Easy One-Bowl Chocolate Cake with Boozy Chocolate Frosting

Were you ever kind of jealous of the boy in Matilda who had to eat an entire chocolate cake with his hands in front of the whole school as a punishment? I know I was.

I used to take every chocolate option at the sundae bar – ice cream, sauce, M&Ms, even chocolate sprinkles. Chocolate sprinkles: what sadist thought those up? You’re just gonna make these things brown and pretend it’s chocolate? Are you kidding me?

Making Stuff Brown and Pretending it’s Chocolate: The Story of All Chocolate Cake Everywhere. You can’t stop me now, I’m already up on my soapbox.

The dominant cultural narrative is that chocolate cake is the best, the richest, the most decadent. Restaurants are selling huge slabs of Seven-Layer Death By Chocolate Devil’s Food Indulgence cake, with ganache filling the approximate taste and texture of brown shoe polish. I have seen grown adults take dry little square nubs of brownie from the spread in the breakroom, just to feel something during an all-day meeting, even if that “something” is disappointment. (It was me, I took the Sadness Brownie.) Red velvet cake was a trend: that only happens in a culture deeply divorced from what actual chocolate should taste like.*

Think about the chocolate cakes that you like best. Answers on the board, please, Family Feud style:

  1. Flourless chocolate cake
  2. Chocolate lava cake
  3. Some kind of cream cheese brownie situation?

Flourless chocolate cake is just a mousse on steroids, and I’m not mad at that, but it doesn’t count. My grandad makes a chocolate whiskey gateau that’s essentially a large creamy slab of alcoholic truffle filling, with ladies’ fingers stuck on the outside for modesty’s sake. Is it perfect? Yes. Is it cake? Uhhhh…

Chocolate lava cakes – or fondant cakes as they’re called here – only work because you get the tender comfort of cake wrapped around the gooey richness of a chocolate fudge sauce. They’re hot, they’re tasty, and they’re disqualified: you can’t defend chocolate cake when your favorite kind is 70% sauce.

Cream cheese brownies are amazing, but 1. Brownies aren’t cake and 2. They’re good because of the contrast (we’ll be coming back to that).

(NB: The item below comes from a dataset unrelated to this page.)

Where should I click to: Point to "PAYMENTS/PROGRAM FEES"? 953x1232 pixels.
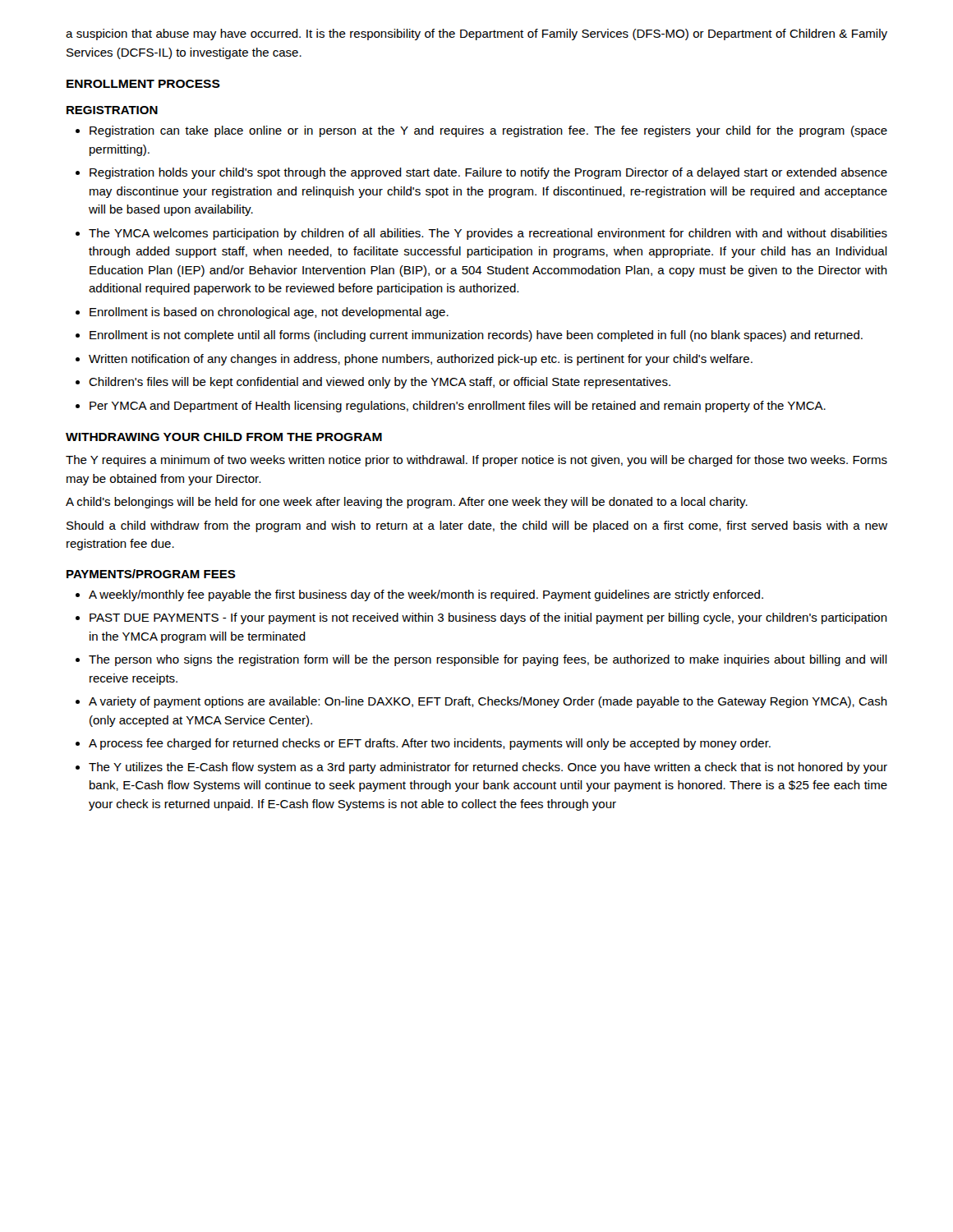[x=151, y=573]

It makes sense! The essence of chocolate, which is rich, luxurious intensity, is diluted by the essence of cake, which is light, tender delicacy. This relationship is just doomed to fail. These two love each other too hard and their child… sucks. There’s a reason the best brownie recipe in the world only calls for ¼ cup of flour.

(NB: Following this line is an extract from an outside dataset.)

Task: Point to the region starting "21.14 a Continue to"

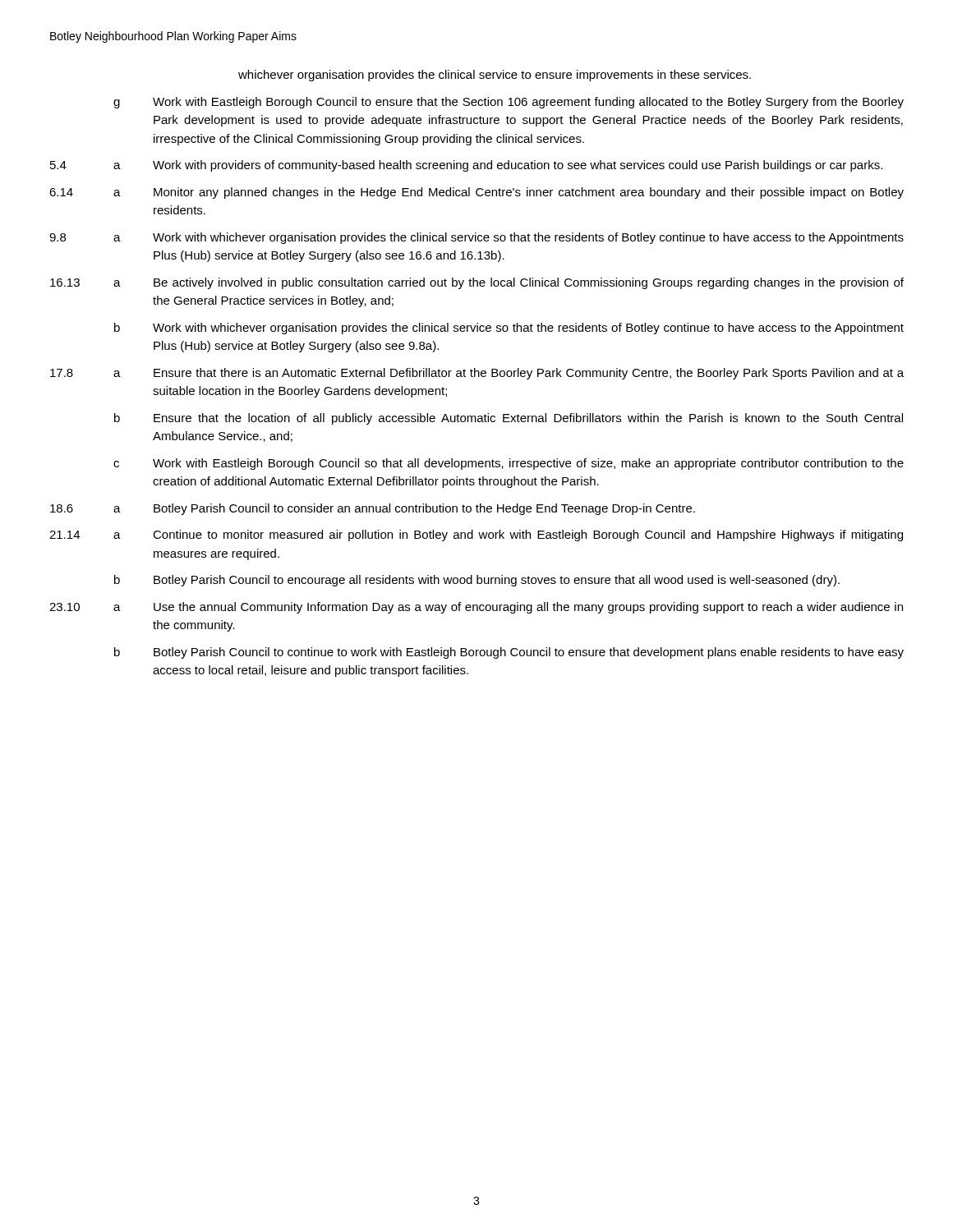Action: coord(476,544)
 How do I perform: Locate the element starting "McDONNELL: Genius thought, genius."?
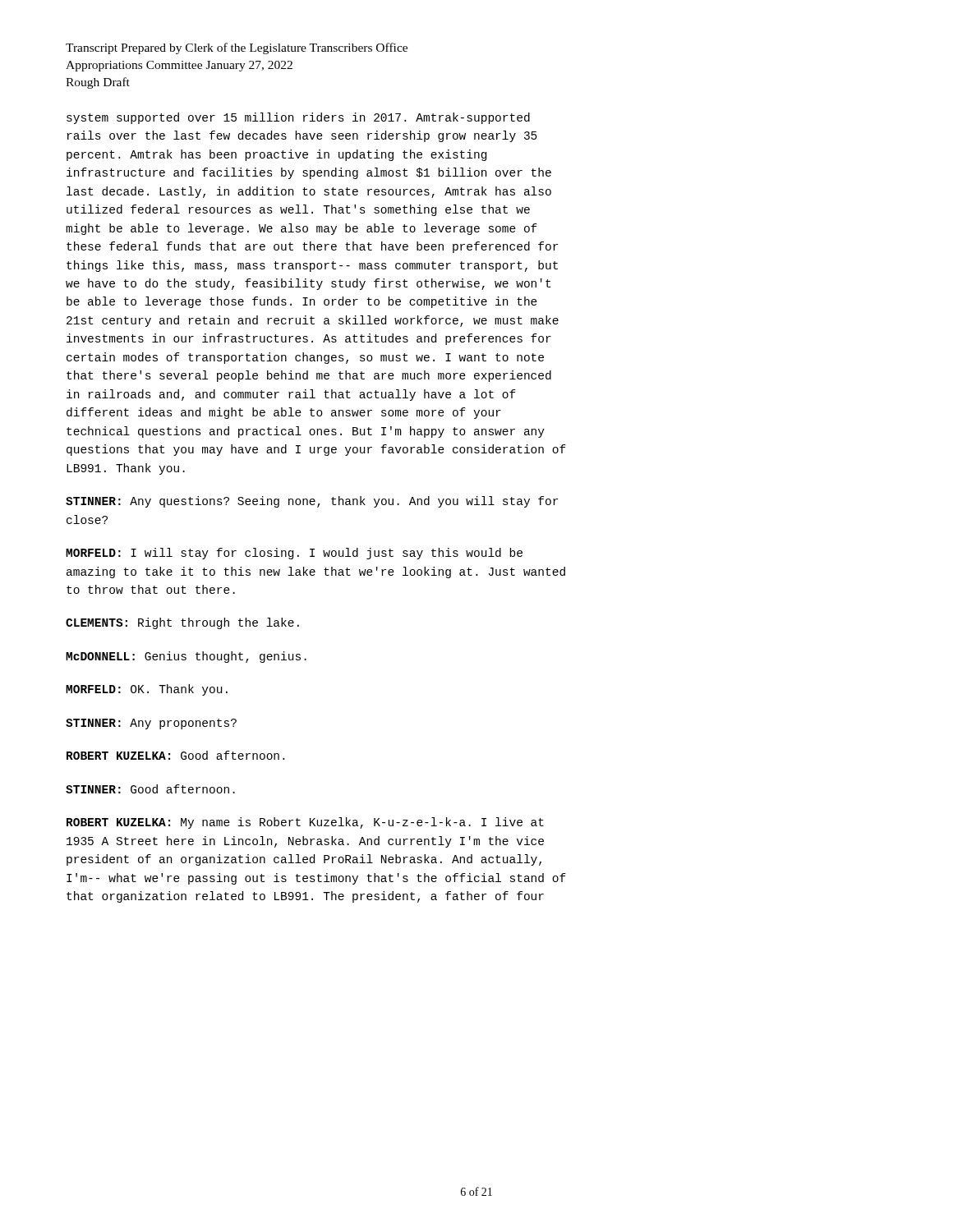(x=186, y=657)

But why were we promised a perfect chocolate cake that just doesn’t exist?  Where does that leave us? Where is the rich, dark, soil-damp chocolate cake of our Augustus Gloop dreams?

What people get wrong about chocolate cake is the part where you keep doubling down. When you add chocolate to chocolate, at a certain point your palate just maxes out. Your choco-dials might go to eleven, but the taste will only get so loud. What you need for a true, deep chocolate flavor is complexity. Chocolate is a boyband, not a solo act. This is its secret weapon.

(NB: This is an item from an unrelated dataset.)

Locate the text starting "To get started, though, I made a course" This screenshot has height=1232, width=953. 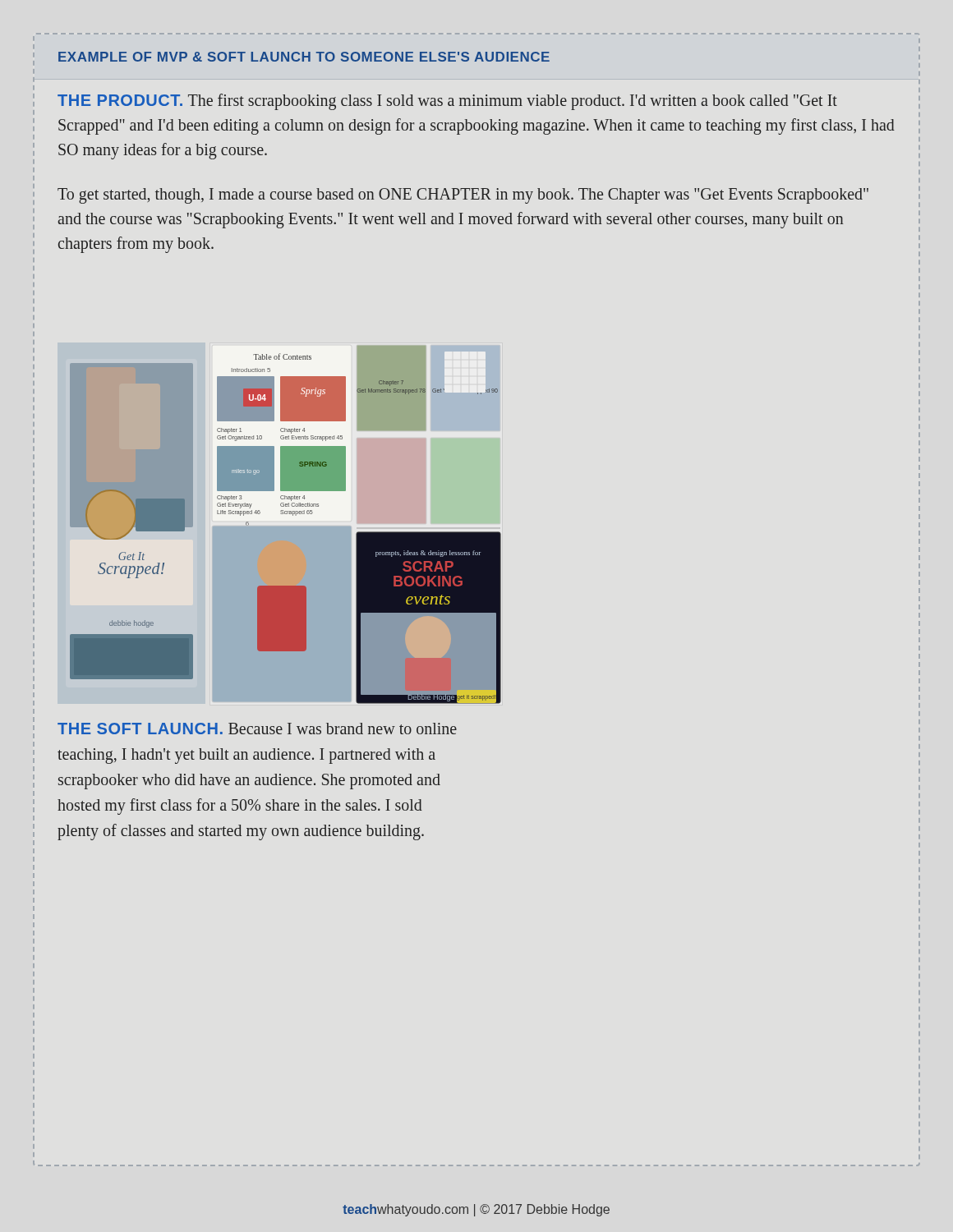pyautogui.click(x=463, y=218)

Pure chocolate, like each of The Beatles, only really shines when it has bandmates supporting it in close harmony. You all already know how I feel about bourbon and chocolate, Ina Garten always says that vanilla makes chocolate taste chocolatier, and Nigella’s Sour Cream Chocolate Cake used to be my very favorite: the lactic tang of sour cream really opens up the chocolate, making it bright and fruity. But the cake? So dry.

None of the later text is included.